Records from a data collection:
----------
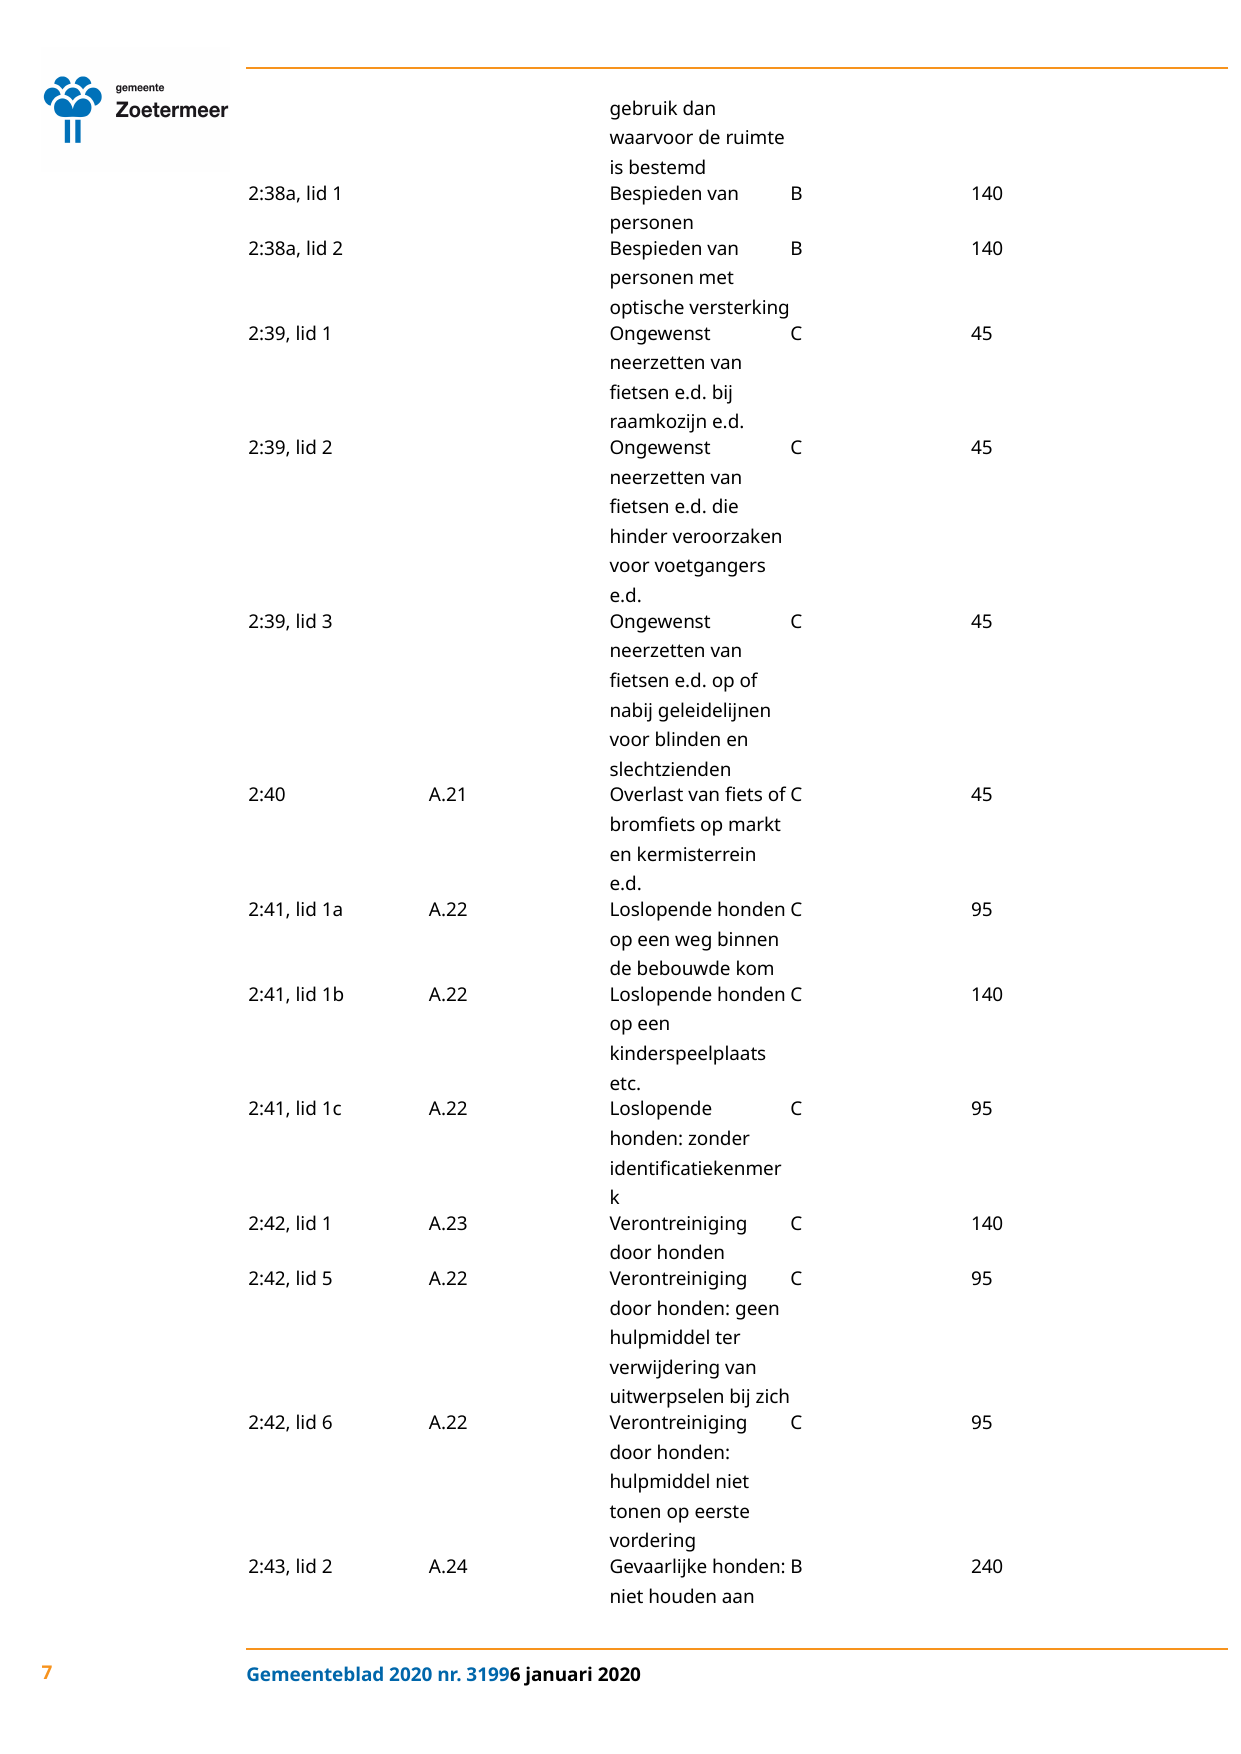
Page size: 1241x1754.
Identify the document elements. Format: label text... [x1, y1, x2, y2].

table_cell A.23 [429, 1210, 609, 1265]
table_cell Ongewenst neerzetten van fietsen e.d. bij raamkozijn e.d. [609, 320, 790, 434]
table_cell [790, 95, 971, 180]
table_cell 95 [971, 896, 1152, 981]
table_cell [429, 180, 609, 235]
table_cell C [790, 1096, 971, 1210]
table_cell 2:39, lid 3 [248, 608, 429, 782]
table_cell Overlast van fiets of bromfiets op markt en kermisterrein e.d. [609, 782, 790, 896]
table_cell [429, 95, 609, 180]
table_cell Ongewenst neerzetten van fietsen e.d. die hinder veroorzaken voor voetgangers e.d. [609, 434, 790, 608]
table_cell [429, 608, 609, 782]
table_cell [429, 434, 609, 608]
table_cell Loslopende honden: zonder identificatiekenmerk [609, 1096, 790, 1210]
table_cell Loslopende honden op een kinderspeelplaats etc. [609, 981, 790, 1096]
table_cell [248, 95, 429, 180]
table_cell B [790, 1554, 971, 1609]
table_cell 2:42, lid 6 [248, 1409, 429, 1553]
table_cell 2:38a, lid 2 [248, 235, 429, 320]
table_cell Bespieden van personen [609, 180, 790, 235]
table_cell C [790, 896, 971, 981]
table_cell 45 [971, 320, 1152, 434]
table_cell Verontreiniging door honden: geen hulpmiddel ter verwijdering van uitwerpselen bij zich [609, 1265, 790, 1409]
table_cell 2:41, lid 1b [248, 981, 429, 1096]
table_cell A.24 [429, 1554, 609, 1609]
table_cell 2:43, lid 2 [248, 1554, 429, 1609]
table_cell 140 [971, 235, 1152, 320]
table_cell A.22 [429, 1265, 609, 1409]
table_cell [429, 320, 609, 434]
table_cell 45 [971, 782, 1152, 896]
table_cell B [790, 235, 971, 320]
table_cell Ongewenst neerzetten van fietsen e.d. op of nabij geleidelijnen voor blinden en slechtzienden [609, 608, 790, 782]
table_cell C [790, 1409, 971, 1553]
table_cell [971, 95, 1152, 180]
table_cell C [790, 1265, 971, 1409]
table_cell C [790, 981, 971, 1096]
table_cell gebruik dan waarvoor de ruimte is bestemd [609, 95, 790, 180]
table_cell Verontreiniging door honden: hulpmiddel niet tonen op eerste vordering [609, 1409, 790, 1553]
table_cell 95 [971, 1409, 1152, 1553]
table_cell Bespieden van personen met optische versterking [609, 235, 790, 320]
table_cell A.22 [429, 981, 609, 1096]
table_cell Verontreiniging door honden [609, 1210, 790, 1265]
table_cell 2:41, lid 1c [248, 1096, 429, 1210]
table_cell [429, 235, 609, 320]
table_cell 2:41, lid 1a [248, 896, 429, 981]
table_cell C [790, 320, 971, 434]
table_cell 95 [971, 1096, 1152, 1210]
table_cell 240 [971, 1554, 1152, 1609]
table_cell C [790, 434, 971, 608]
table_cell Loslopende honden op een weg binnen de bebouwde kom [609, 896, 790, 981]
table_cell C [790, 782, 971, 896]
table_cell 2:42, lid 1 [248, 1210, 429, 1265]
table_cell A.22 [429, 896, 609, 981]
table_cell 2:42, lid 5 [248, 1265, 429, 1409]
table_cell 2:40 [248, 782, 429, 896]
table_cell 45 [971, 434, 1152, 608]
table_cell 2:39, lid 2 [248, 434, 429, 608]
table_cell 2:38a, lid 1 [248, 180, 429, 235]
table_cell 2:39, lid 1 [248, 320, 429, 434]
table_cell Gevaarlijke honden: niet houden aan [609, 1554, 790, 1609]
table_cell 45 [971, 608, 1152, 782]
table_cell 140 [971, 180, 1152, 235]
table_cell 140 [971, 981, 1152, 1096]
table_cell C [790, 608, 971, 782]
table_cell A.22 [429, 1409, 609, 1553]
table_cell C [790, 1210, 971, 1265]
table_cell A.21 [429, 782, 609, 896]
table_cell 95 [971, 1265, 1152, 1409]
picture [41, 47, 231, 172]
table_cell A.22 [429, 1096, 609, 1210]
table_cell B [790, 180, 971, 235]
table_cell 140 [971, 1210, 1152, 1265]
----------
Word for word, restate the lines above from the line containing "table_cell Overlast van" through the line containing "table_cell [429, 434, 609, 608]", with both included and nothing else.

TASK SOLUTION:
table_cell Overlast van fiets of bromfiets op markt en kermisterrein e.d. [609, 782, 790, 896]
table_cell [429, 95, 609, 180]
table_cell Ongewenst neerzetten van fietsen e.d. die hinder veroorzaken voor voetgangers e.d. [609, 434, 790, 608]
table_cell [429, 608, 609, 782]
table_cell [429, 434, 609, 608]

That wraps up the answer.